_Aim of the task_
Output only the lines of the entries that follow, starting at the one with "ThreePointArc((6, 0.5), (6.146447, 0.146447), (6.5, 0))" and running down to the one with "Rectangle(SKETCH003_W, SKETCH003_H, mode=Mode.SUBTRACT)", both included and unchanged.

━━━━━ Source records

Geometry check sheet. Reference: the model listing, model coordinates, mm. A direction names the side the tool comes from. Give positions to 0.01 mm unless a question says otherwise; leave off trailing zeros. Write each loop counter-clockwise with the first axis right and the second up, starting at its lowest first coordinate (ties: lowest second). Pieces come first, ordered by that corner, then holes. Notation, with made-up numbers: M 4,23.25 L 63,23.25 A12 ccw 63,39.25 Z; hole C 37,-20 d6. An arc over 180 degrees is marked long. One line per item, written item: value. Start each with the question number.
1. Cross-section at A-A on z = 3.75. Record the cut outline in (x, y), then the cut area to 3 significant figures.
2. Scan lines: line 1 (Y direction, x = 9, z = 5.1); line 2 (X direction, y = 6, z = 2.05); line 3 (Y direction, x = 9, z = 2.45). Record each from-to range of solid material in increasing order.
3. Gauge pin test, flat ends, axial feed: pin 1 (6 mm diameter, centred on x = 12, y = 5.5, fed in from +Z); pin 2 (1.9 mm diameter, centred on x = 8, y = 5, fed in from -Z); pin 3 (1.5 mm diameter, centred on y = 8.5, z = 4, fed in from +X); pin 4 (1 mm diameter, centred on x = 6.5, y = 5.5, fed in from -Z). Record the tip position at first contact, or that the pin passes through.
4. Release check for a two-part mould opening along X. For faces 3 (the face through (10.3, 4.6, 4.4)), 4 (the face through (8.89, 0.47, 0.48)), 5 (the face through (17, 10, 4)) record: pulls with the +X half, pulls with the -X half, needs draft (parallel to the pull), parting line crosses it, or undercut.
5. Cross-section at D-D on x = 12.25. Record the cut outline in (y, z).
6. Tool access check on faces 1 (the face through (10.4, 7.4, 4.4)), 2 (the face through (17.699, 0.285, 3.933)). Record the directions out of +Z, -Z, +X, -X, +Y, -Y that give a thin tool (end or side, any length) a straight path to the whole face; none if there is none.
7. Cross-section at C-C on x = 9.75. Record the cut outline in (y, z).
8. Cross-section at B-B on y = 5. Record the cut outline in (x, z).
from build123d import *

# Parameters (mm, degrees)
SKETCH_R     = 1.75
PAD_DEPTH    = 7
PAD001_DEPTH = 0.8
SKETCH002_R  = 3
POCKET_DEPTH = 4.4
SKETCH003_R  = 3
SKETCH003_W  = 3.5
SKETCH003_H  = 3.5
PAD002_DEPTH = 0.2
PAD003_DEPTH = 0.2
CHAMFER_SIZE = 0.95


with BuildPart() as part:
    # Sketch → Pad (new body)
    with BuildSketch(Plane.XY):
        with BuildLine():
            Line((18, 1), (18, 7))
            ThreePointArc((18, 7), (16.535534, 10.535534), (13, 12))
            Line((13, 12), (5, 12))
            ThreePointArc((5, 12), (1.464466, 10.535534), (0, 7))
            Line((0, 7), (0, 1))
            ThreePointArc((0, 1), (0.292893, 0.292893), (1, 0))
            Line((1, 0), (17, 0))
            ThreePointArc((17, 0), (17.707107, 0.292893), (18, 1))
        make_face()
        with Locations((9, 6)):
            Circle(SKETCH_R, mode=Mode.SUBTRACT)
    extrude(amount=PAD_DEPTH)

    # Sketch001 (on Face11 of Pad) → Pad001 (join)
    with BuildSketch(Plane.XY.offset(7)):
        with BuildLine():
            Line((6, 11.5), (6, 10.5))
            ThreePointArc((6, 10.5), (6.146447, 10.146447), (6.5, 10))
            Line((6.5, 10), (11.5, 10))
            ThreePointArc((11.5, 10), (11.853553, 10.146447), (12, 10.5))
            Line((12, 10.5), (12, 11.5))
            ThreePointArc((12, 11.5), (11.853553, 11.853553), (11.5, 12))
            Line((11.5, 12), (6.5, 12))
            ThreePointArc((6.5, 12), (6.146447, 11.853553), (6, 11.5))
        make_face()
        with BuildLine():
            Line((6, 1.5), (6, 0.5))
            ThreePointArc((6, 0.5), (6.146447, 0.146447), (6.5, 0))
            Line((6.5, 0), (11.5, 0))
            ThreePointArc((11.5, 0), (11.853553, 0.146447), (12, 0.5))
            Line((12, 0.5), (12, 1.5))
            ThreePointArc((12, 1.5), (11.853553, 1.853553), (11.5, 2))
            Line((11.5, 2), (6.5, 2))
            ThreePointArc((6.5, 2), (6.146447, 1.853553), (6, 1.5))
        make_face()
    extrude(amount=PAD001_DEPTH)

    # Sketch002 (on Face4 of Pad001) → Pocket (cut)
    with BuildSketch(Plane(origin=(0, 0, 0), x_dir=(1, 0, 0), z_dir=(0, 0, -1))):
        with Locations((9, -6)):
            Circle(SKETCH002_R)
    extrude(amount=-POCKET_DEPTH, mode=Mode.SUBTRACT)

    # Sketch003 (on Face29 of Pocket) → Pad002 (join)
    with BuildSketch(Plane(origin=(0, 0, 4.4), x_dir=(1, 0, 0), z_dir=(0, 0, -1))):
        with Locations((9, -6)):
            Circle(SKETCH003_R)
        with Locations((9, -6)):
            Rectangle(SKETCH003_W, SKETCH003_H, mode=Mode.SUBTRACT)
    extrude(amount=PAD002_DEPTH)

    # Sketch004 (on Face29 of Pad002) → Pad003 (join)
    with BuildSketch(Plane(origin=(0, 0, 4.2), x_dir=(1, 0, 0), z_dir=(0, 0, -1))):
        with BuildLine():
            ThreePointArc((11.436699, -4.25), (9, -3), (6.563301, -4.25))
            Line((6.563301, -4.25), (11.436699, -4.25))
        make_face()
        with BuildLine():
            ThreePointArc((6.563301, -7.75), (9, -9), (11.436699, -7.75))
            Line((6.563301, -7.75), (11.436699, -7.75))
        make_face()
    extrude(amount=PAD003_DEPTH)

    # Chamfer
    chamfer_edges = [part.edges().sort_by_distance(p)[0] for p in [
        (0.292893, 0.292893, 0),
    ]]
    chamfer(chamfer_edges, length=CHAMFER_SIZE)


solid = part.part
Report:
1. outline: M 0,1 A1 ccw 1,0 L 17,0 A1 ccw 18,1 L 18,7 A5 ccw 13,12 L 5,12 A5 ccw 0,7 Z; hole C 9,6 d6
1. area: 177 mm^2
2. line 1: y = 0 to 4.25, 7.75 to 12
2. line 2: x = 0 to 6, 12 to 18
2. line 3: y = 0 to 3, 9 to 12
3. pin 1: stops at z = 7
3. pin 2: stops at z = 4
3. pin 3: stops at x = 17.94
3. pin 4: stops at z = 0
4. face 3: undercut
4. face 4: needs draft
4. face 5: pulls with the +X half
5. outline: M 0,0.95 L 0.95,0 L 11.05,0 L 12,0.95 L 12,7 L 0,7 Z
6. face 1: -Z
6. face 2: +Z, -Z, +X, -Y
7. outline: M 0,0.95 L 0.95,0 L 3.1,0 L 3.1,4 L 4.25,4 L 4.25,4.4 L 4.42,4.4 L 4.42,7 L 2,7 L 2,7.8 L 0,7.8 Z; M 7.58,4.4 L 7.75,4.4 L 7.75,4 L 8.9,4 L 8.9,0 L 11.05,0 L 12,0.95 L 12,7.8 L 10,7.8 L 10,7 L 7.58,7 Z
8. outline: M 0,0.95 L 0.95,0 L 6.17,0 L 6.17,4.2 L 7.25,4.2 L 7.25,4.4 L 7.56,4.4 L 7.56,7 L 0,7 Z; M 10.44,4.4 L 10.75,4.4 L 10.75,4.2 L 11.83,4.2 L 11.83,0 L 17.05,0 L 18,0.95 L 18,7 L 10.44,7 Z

━━━━━━━━━━

_Result_
            ThreePointArc((6, 0.5), (6.146447, 0.146447), (6.5, 0))
            Line((6.5, 0), (11.5, 0))
            ThreePointArc((11.5, 0), (11.853553, 0.146447), (12, 0.5))
            Line((12, 0.5), (12, 1.5))
            ThreePointArc((12, 1.5), (11.853553, 1.853553), (11.5, 2))
            Line((11.5, 2), (6.5, 2))
            ThreePointArc((6.5, 2), (6.146447, 1.853553), (6, 1.5))
        make_face()
    extrude(amount=PAD001_DEPTH)

    # Sketch002 (on Face4 of Pad001) → Pocket (cut)
    with BuildSketch(Plane(origin=(0, 0, 0), x_dir=(1, 0, 0), z_dir=(0, 0, -1))):
        with Locations((9, -6)):
            Circle(SKETCH002_R)
    extrude(amount=-POCKET_DEPTH, mode=Mode.SUBTRACT)

    # Sketch003 (on Face29 of Pocket) → Pad002 (join)
    with BuildSketch(Plane(origin=(0, 0, 4.4), x_dir=(1, 0, 0), z_dir=(0, 0, -1))):
        with Locations((9, -6)):
            Circle(SKETCH003_R)
        with Locations((9, -6)):
            Rectangle(SKETCH003_W, SKETCH003_H, mode=Mode.SUBTRACT)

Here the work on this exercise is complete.